Итак, дачная жизнь наладилась. Бородин спокойно и неторопливо занимался оркестровкой первой части симфонии. От кого-то из знакомых он узнал, что в двух или трех километрах от них в поселке Жуковка обитает на даче Кашкин, нагрянул к нему без предупреждения — и начались совместные пешие прогулки по живописным берегам Сетуни. Кашкин преподавал в Московской консерватории теорию музыки и фортепиано.
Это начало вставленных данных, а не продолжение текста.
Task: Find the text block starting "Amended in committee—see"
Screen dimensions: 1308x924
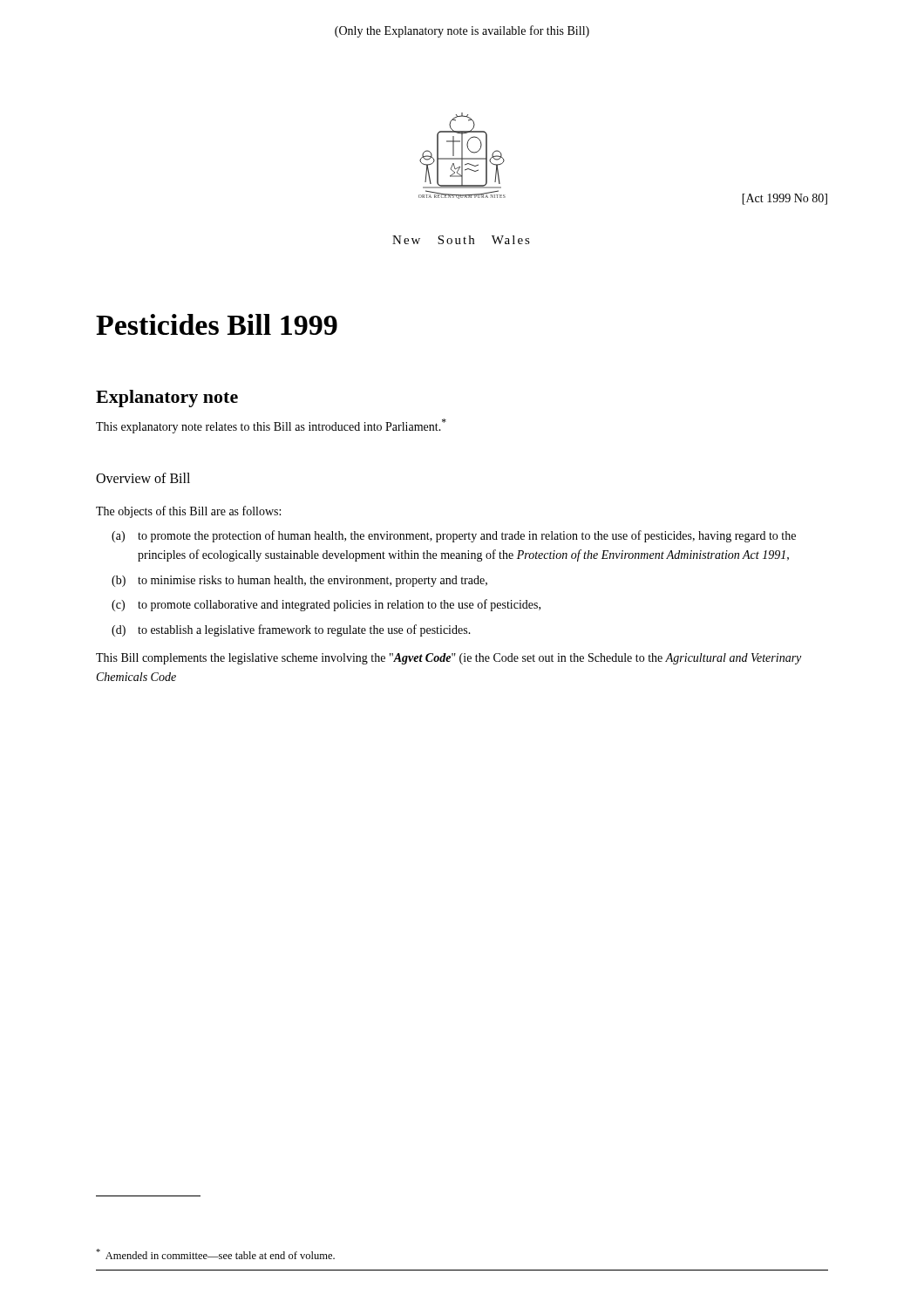Action: pos(216,1255)

Он был профессионалом высокого класса и достойным Бородина собеседником.
20 августа в Киеве открылся Третий съезд русских естествоиспытателей, на котором Бородин должен был выступить с докладом. Материалов было предостаточно — исследование альдегидов продолжалось. Александр Порфирьевич собирался ехать в Киев вместе с Екатериной Сергеевной и уже достал льготные железнодорожные билеты, но на съезд почему-то не попал. 22 августа Бородины начали укладывать вещи и 23-го переехали с дачи к Ступишиным. Нет никаких сведений о резком ухудшении состояния жены, из-за которого поездка Бородина в Киев оказалась невозможной. Вероятнее всего, Екатерина Сергеевна просто стала тяжела на подъем, долго откладывала сборы, пока совсем не раздумала ехать, а муж ее в очередной раз принес науку в жертву… и снова не музыке (у Ступишиных ему вряд ли хорошо работалось). Впереди была очередная долгая разлука с женой: может быть, еще одна зима в одиночестве?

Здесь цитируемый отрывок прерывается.